= What to do =
Return every entry from the listing below unaltered.

= Exercise data =
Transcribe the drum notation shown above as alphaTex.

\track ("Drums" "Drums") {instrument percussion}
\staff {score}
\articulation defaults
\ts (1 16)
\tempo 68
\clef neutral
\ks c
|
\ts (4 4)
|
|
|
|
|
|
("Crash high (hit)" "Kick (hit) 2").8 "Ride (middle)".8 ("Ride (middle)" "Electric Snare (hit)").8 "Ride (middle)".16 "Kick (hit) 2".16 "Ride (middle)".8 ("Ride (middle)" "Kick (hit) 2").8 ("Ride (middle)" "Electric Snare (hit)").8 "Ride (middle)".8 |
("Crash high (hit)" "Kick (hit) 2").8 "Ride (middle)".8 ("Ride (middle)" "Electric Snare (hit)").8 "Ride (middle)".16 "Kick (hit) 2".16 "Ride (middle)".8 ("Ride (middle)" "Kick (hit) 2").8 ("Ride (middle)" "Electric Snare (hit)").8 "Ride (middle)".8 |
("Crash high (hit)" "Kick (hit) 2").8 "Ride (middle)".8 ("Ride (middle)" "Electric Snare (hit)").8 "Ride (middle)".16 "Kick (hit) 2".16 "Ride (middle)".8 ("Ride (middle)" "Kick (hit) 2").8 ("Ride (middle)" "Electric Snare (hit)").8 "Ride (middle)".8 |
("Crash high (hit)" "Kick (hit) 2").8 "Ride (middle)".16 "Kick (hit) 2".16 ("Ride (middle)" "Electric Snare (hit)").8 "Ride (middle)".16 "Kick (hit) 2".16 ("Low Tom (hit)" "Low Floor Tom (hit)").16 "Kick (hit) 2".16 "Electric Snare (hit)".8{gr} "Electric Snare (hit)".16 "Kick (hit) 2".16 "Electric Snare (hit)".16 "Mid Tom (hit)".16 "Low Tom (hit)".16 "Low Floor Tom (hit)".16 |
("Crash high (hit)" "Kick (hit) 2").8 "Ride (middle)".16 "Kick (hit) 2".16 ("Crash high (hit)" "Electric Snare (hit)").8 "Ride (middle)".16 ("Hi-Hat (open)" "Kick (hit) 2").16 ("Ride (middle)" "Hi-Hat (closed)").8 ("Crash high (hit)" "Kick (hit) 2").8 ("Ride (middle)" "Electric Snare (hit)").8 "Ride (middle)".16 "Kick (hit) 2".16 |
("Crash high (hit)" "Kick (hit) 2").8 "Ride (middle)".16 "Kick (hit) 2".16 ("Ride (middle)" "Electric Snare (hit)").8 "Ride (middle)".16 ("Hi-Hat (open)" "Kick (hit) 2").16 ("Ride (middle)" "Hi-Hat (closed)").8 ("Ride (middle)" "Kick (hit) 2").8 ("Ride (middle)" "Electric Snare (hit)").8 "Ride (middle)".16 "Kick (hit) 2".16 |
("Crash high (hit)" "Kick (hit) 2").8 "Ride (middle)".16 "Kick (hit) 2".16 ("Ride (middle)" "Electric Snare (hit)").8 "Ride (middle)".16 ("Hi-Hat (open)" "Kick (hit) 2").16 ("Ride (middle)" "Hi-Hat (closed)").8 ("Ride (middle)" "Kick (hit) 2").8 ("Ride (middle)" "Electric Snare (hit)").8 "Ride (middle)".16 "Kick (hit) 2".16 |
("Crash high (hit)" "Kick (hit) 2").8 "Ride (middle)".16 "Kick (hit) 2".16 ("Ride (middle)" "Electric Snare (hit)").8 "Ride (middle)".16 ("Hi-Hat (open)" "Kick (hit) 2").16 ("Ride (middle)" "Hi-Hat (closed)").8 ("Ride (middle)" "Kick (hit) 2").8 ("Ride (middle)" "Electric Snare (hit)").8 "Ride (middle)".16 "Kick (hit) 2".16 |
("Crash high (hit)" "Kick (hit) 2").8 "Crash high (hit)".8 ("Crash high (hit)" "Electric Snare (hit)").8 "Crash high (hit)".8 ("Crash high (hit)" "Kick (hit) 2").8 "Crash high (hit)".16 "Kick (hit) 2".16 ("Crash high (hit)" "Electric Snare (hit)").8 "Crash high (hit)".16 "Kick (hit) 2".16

= Reply =
Transcribe the drum notation shown above as alphaTex.

\track ("Drums" "Drums") {instrument percussion}
\staff {score}
\articulation defaults
\ts (1 16)
\tempo 68
\clef neutral
\ks c
|
\ts (4 4)
|
|
|
|
|
|
("Crash high (hit)" "Kick (hit) 2").8 "Ride (middle)".8 ("Ride (middle)" "Electric Snare (hit)").8 "Ride (middle)".16 "Kick (hit) 2".16 "Ride (middle)".8 ("Ride (middle)" "Kick (hit) 2").8 ("Ride (middle)" "Electric Snare (hit)").8 "Ride (middle)".8 |
("Crash high (hit)" "Kick (hit) 2").8 "Ride (middle)".8 ("Ride (middle)" "Electric Snare (hit)").8 "Ride (middle)".16 "Kick (hit) 2".16 "Ride (middle)".8 ("Ride (middle)" "Kick (hit) 2").8 ("Ride (middle)" "Electric Snare (hit)").8 "Ride (middle)".8 |
("Crash high (hit)" "Kick (hit) 2").8 "Ride (middle)".8 ("Ride (middle)" "Electric Snare (hit)").8 "Ride (middle)".16 "Kick (hit) 2".16 "Ride (middle)".8 ("Ride (middle)" "Kick (hit) 2").8 ("Ride (middle)" "Electric Snare (hit)").8 "Ride (middle)".8 |
("Crash high (hit)" "Kick (hit) 2").8 "Ride (middle)".16 "Kick (hit) 2".16 ("Ride (middle)" "Electric Snare (hit)").8 "Ride (middle)".16 "Kick (hit) 2".16 ("Low Tom (hit)" "Low Floor Tom (hit)").16 "Kick (hit) 2".16 "Electric Snare (hit)".8{gr} "Electric Snare (hit)".16 "Kick (hit) 2".16 "Electric Snare (hit)".16 "Mid Tom (hit)".16 "Low Tom (hit)".16 "Low Floor Tom (hit)".16 |
("Crash high (hit)" "Kick (hit) 2").8 "Ride (middle)".16 "Kick (hit) 2".16 ("Crash high (hit)" "Electric Snare (hit)").8 "Ride (middle)".16 ("Hi-Hat (open)" "Kick (hit) 2").16 ("Ride (middle)" "Hi-Hat (closed)").8 ("Crash high (hit)" "Kick (hit) 2").8 ("Ride (middle)" "Electric Snare (hit)").8 "Ride (middle)".16 "Kick (hit) 2".16 |
("Crash high (hit)" "Kick (hit) 2").8 "Ride (middle)".16 "Kick (hit) 2".16 ("Ride (middle)" "Electric Snare (hit)").8 "Ride (middle)".16 ("Hi-Hat (open)" "Kick (hit) 2").16 ("Ride (middle)" "Hi-Hat (closed)").8 ("Ride (middle)" "Kick (hit) 2").8 ("Ride (middle)" "Electric Snare (hit)").8 "Ride (middle)".16 "Kick (hit) 2".16 |
("Crash high (hit)" "Kick (hit) 2").8 "Ride (middle)".16 "Kick (hit) 2".16 ("Ride (middle)" "Electric Snare (hit)").8 "Ride (middle)".16 ("Hi-Hat (open)" "Kick (hit) 2").16 ("Ride (middle)" "Hi-Hat (closed)").8 ("Ride (middle)" "Kick (hit) 2").8 ("Ride (middle)" "Electric Snare (hit)").8 "Ride (middle)".16 "Kick (hit) 2".16 |
("Crash high (hit)" "Kick (hit) 2").8 "Ride (middle)".16 "Kick (hit) 2".16 ("Ride (middle)" "Electric Snare (hit)").8 "Ride (middle)".16 ("Hi-Hat (open)" "Kick (hit) 2").16 ("Ride (middle)" "Hi-Hat (closed)").8 ("Ride (middle)" "Kick (hit) 2").8 ("Ride (middle)" "Electric Snare (hit)").8 "Ride (middle)".16 "Kick (hit) 2".16 |
("Crash high (hit)" "Kick (hit) 2").8 "Crash high (hit)".8 ("Crash high (hit)" "Electric Snare (hit)").8 "Crash high (hit)".8 ("Crash high (hit)" "Kick (hit) 2").8 "Crash high (hit)".16 "Kick (hit) 2".16 ("Crash high (hit)" "Electric Snare (hit)").8 "Crash high (hit)".16 "Kick (hit) 2".16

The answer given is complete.